Why Marketers Are Taking a Second Look at Google Performance Max

Google Performance Max

If your inbox looks anything like ours, Google’s been gently (or not so gently) reminding you to “expand your clients’ reach with Performance Max.” So what’s all the fuss about?

Performance Max (PMax) launched back in 2021 with a big promise: one campaign to rule them all. Instead of juggling Google properties separately, you could reach everyone, everywhere, with one AI-driven setup.

PMax didn’t live up to the hype though. The early version felt like handing your credit card to a robot and hoping for the best. But over the past year, Google has made steady improvements that give advertisers some more visibility and control. 

It’s still not perfect and plenty of marketers remain skeptical, but it is evolving. So if you swore PMax off a year or two ago, it might be worth another look. Here’s what’s new and how to make it work for you.

Everything, Everywhere, All at Once (Google Edition)

Performance Max is Google’s all-in-one campaign type that uses AI to run ads across every Google property: Search, Display, YouTube, Discover, Gmail, and Maps. Instead of building and managing separate campaigns, you upload your creative assets, set goals, and let Google’s machine learning decide where and when to show your ads.

When it works well, PMax helps marketers reach more people with less manual setup. It’s designed to optimize for conversions and find the best-performing combinations of headlines, images, and placements automatically.

But it’s not a magic bullet. Performance Max can’t fix poor strategy or weak creative, and it hasn’t always given marketers much control or visibility into how campaigns run. It can also make performance metrics look better on paper than they are in reality. For example, a lower cost per conversion might just come from mixing in cheaper inventory like Display or YouTube placements, which can make your old benchmarks less meaningful and your data harder to interpret.

Performance Max Gets A Glow-Up: What’s New

Early versions of PMax earned a reputation as a “black box,” offering limited reporting and almost no insight into where ads were showing up. Over the past year, Google has worked to change that with updates that give marketers a clearer view of what’s performing, what’s not, and how their ads are being distributed across channels.

Taking Back the Wheel

One of the biggest updates to Performance Max is campaign-level exclusions, including brand terms, audience types, and devices. You can finally keep your ads from showing up in the wrong searches or on placements that don’t fit your brand. It’s not full control, but it’s a step toward smarter spending and better reporting. For marketing leaders, that means fewer awkward screenshots from your team explaining why an ad ended up somewhere it shouldn’t. For hands-on marketers, it’s a better way to fine-tune where your budget actually goes.

Fewer Guessing Games

Performance Max now offers channel reporting and asset-level insights that break down performance across Search, YouTube, Display, and more.

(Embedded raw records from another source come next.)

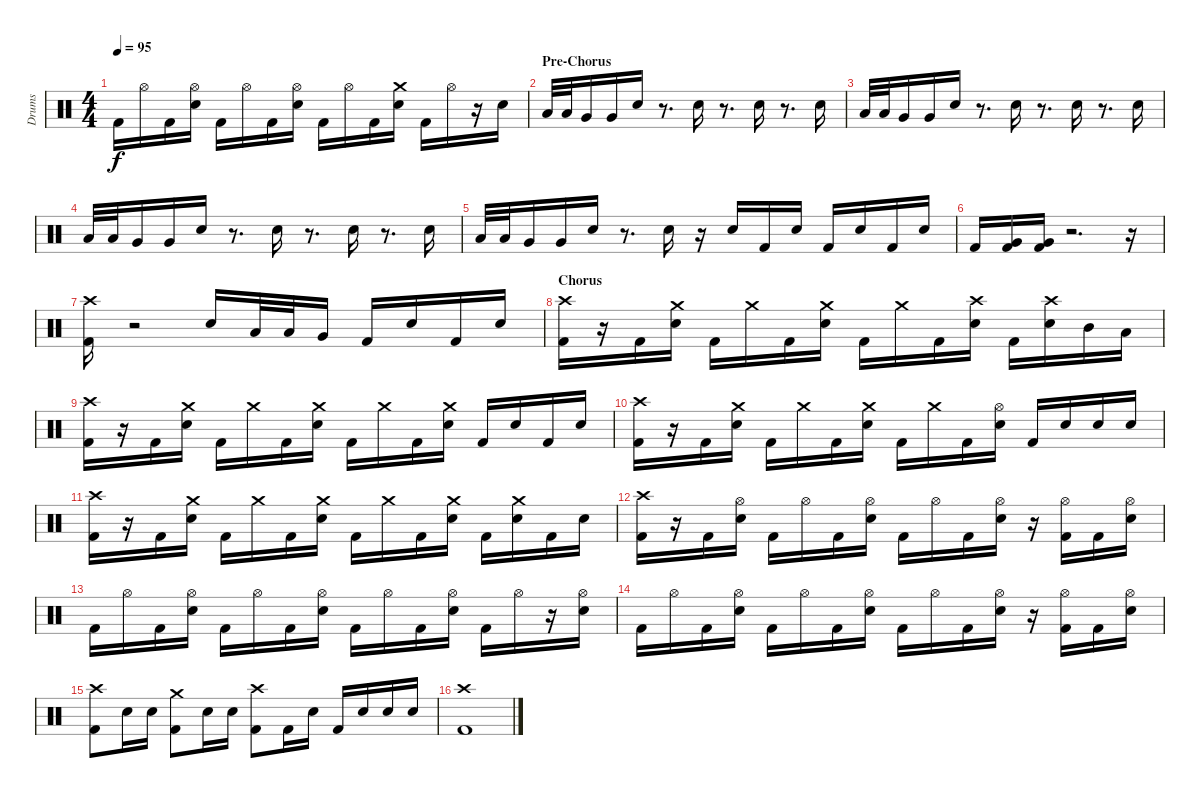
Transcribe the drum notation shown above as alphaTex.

\track ("Drums" "Drums") {instrument percussion}
\staff {score}
\articulation defaults
\ts (4 4)
\tempo 95
\clef neutral
\ks c "Kick (hit) 2".16{dy f} "Hi-Hat (open)".16 "Kick (hit) 2".16
("Hi-Hat (open)" "Electric Snare (hit)").16 "Kick (hit) 2".16 "Hi-Hat (open)".16 "Kick (hit) 2".16 ("Hi-Hat (open)" "Electric Snare (hit)").16 "Kick (hit) 2".16 "Hi-Hat (open)".16 "Kick (hit) 2".16 ("Crash medium (hit)" "Electric Snare (hit)").16 "Kick (hit) 2".16 "Hi-Hat (open)".16 r.16 "Electric Snare (hit)".16 |
\section ("" "Pre-Chorus")
"Low Tom (hit)".32 "Low Tom (hit)".32 "Very Low Tom (hit)".16 "Very Low Tom (hit)".16 "Electric Snare (hit)".16 r.8{d} "Electric Snare (hit)".16 r.8{d} "Electric Snare (hit)".16 r.8{d} "Electric Snare (hit)".16 |
"Low Tom (hit)".32 "Low Tom (hit)".32 "Very Low Tom (hit)".16 "Very Low Tom (hit)".16 "Electric Snare (hit)".16 r.8{d} "Electric Snare (hit)".16 r.8{d} "Electric Snare (hit)".16 r.8{d} "Electric Snare (hit)".16 |
"Low Tom (hit)".32 "Low Tom (hit)".32 "Very Low Tom (hit)".16 "Very Low Tom (hit)".16 "Electric Snare (hit)".16 r.8{d} "Electric Snare (hit)".16 r.8{d} "Electric Snare (hit)".16 r.8{d} "Electric Snare (hit)".16 |
"Low Tom (hit)".32 "Low Tom (hit)".32 "Very Low Tom (hit)".16 "Very Low Tom (hit)".16 "Electric Snare (hit)".16 r.8{d} "Electric Snare (hit)".16 r.16 "Electric Snare (hit)".16 "Kick (hit) 2".16 "Electric Snare (hit)".16 "Kick (hit) 2".16 "Electric Snare (hit)".16 "Kick (hit) 2".16 "Electric Snare (hit)".16 |
"Kick (hit) 2".16 ("Very Low Tom (hit)" "Kick (hit) 2").16 ("Very Low Tom (hit)" "Kick (hit) 2").16 r.2{d} r.16 |
("Crash high (hit)" "Kick (hit) 2").16 r.2 "Electric Snare (hit)".16 "Low Tom (hit)".32 "Low Tom (hit)".32 "Very Low Tom (hit)".16 "Kick (hit) 2".16 "Electric Snare (hit)".16 "Kick (hit) 2".16 "Electric Snare (hit)".16 |
\section ("" "Chorus")
("Crash high (hit)" "Kick (hit) 2").16 r.16 "Kick (hit) 2".16 ("Crash medium (hit)" "Electric Snare (hit)").16 "Kick (hit) 2".16 "Crash medium (hit)".16 "Kick (hit) 2".16 ("Crash medium (hit)" "Electric Snare (hit)").16 "Kick (hit) 2".16 "Crash medium (hit)".16 "Kick (hit) 2".16 ("Crash high (hit)" "Electric Snare (hit)").16 "Kick (hit) 2".16 ("Crash high (hit)" "Electric Snare (hit)").16 "Mid Tom (hit)".16 "Low Tom (hit)".16 |
("Crash high (hit)" "Kick (hit) 2").16 r.16 "Kick (hit) 2".16 ("Crash medium (hit)" "Electric Snare (hit)").16 "Kick (hit) 2".16 "Crash medium (hit)".16 "Kick (hit) 2".16 ("Crash medium (hit)" "Electric Snare (hit)").16 "Kick (hit) 2".16 "Crash medium (hit)".16 "Kick (hit) 2".16 ("Crash medium (hit)" "Electric Snare (hit)").16 "Kick (hit) 2".16 "Electric Snare (hit)".16 "Kick (hit) 2".16 "Electric Snare (hit)".16 |
("Crash high (hit)" "Kick (hit) 2").16 r.16 "Kick (hit) 2".16 ("Crash medium (hit)" "Electric Snare (hit)").16 "Kick (hit) 2".16 "Crash medium (hit)".16 "Kick (hit) 2".16 ("Crash medium (hit)" "Electric Snare (hit)").16 "Kick (hit) 2".16 "Crash medium (hit)".16 "Kick (hit) 2".16 ("Hi-Hat (open)" "Electric Snare (hit)").16 "Kick (hit) 2".16 "Electric Snare (hit)".16 "Electric Snare (hit)".16 "Electric Snare (hit)".16 |
("Crash high (hit)" "Kick (hit) 2").16 r.16 "Kick (hit) 2".16 ("Crash medium (hit)" "Electric Snare (hit)").16 "Kick (hit) 2".16 "Crash medium (hit)".16 "Kick (hit) 2".16 ("Crash medium (hit)" "Electric Snare (hit)").16 "Kick (hit) 2".16 "Crash medium (hit)".16 "Kick (hit) 2".16 ("Crash medium (hit)" "Electric Snare (hit)").16 "Kick (hit) 2".16 ("Crash medium (hit)" "Electric Snare (hit)").16 "Kick (hit) 2".16 "Electric Snare (hit)".16 |
("Crash high (hit)" "Kick (hit) 2").16 r.16 "Kick (hit) 2".16 ("Hi-Hat (open)" "Electric Snare (hit)").16 "Kick (hit) 2".16 "Hi-Hat (open)".16 "Kick (hit) 2".16 ("Hi-Hat (open)" "Electric Snare (hit)").16 "Kick (hit) 2".16 "Hi-Hat (open)".16 "Kick (hit) 2".16 ("Hi-Hat (open)" "Electric Snare (hit)").16 r.16 ("Hi-Hat (open)" "Kick (hit) 2").16 "Kick (hit) 2".16 ("Hi-Hat (open)" "Electric Snare (hit)").16 |
"Kick (hit) 2".16 "Hi-Hat (open)".16 "Kick (hit) 2".16 ("Hi-Hat (open)" "Electric Snare (hit)").16 "Kick (hit) 2".16 "Hi-Hat (open)".16 "Kick (hit) 2".16 ("Hi-Hat (open)" "Electric Snare (hit)").16 "Kick (hit) 2".16 "Hi-Hat (open)".16 "Kick (hit) 2".16 ("Hi-Hat (open)" "Electric Snare (hit)").16 "Kick (hit) 2".16 "Hi-Hat (open)".16 r.16 ("Hi-Hat (open)" "Electric Snare (hit)").16 |
"Kick (hit) 2".16 "Hi-Hat (open)".16 "Kick (hit) 2".16 ("Hi-Hat (open)" "Electric Snare (hit)").16 "Kick (hit) 2".16 "Hi-Hat (open)".16 "Kick (hit) 2".16 ("Hi-Hat (open)" "Electric Snare (hit)").16 "Kick (hit) 2".16 "Hi-Hat (open)".16 "Kick (hit) 2".16 ("Hi-Hat (open)" "Electric Snare (hit)").16 r.16 ("Hi-Hat (open)" "Kick (hit) 2").16 "Kick (hit) 2".16 ("Hi-Hat (open)" "Electric Snare (hit)").16 |
("Crash high (hit)" "Kick (hit) 2").8 "Electric Snare (hit)".16 "Electric Snare (hit)".16 ("Crash medium (hit)" "Kick (hit) 2").8 "Electric Snare (hit)".16 "Electric Snare (hit)".16 ("Crash high (hit)" "Kick (hit) 2").8 "Kick (hit) 2".16 "Electric Snare (hit)".16 "Kick (hit) 2".16 "Electric Snare (hit)".16 "Electric Snare (hit)".16 "Electric Snare (hit)".16 |
("Crash high (hit)" "Kick (hit) 2").1

You can finally see which creative assets are performing well and which ones aren’t. With a clearer view of what is driving results (and not just a single “conversions” total), you can make more informed decisions and build a stronger case for where to invest your ad budget.

AI Upgrade

Google has leaned heavily into AI-powered creative tools that can generate headlines, visuals, and copy in seconds. You can even train the system to stay true to your brand’s look and voice. The setup is faster, and you can test more variations with less manual work. But automated doesn’t mean autopilot. AI is great at scale and speed, but not at storytelling. Your strategy still needs to steer the ship.

A New Road to Reach Your Audience

Google recently added Waze inventory to Performance Max, bringing ads directly into navigation experiences. Brands can now reach drivers heading to stores, restaurants, or events. For tourism, retail, and service-based businesses, this opens the door to hyperlocal, high-intent advertising. PMax can now connect digital impressions with real-world action, literally driving customers to your door.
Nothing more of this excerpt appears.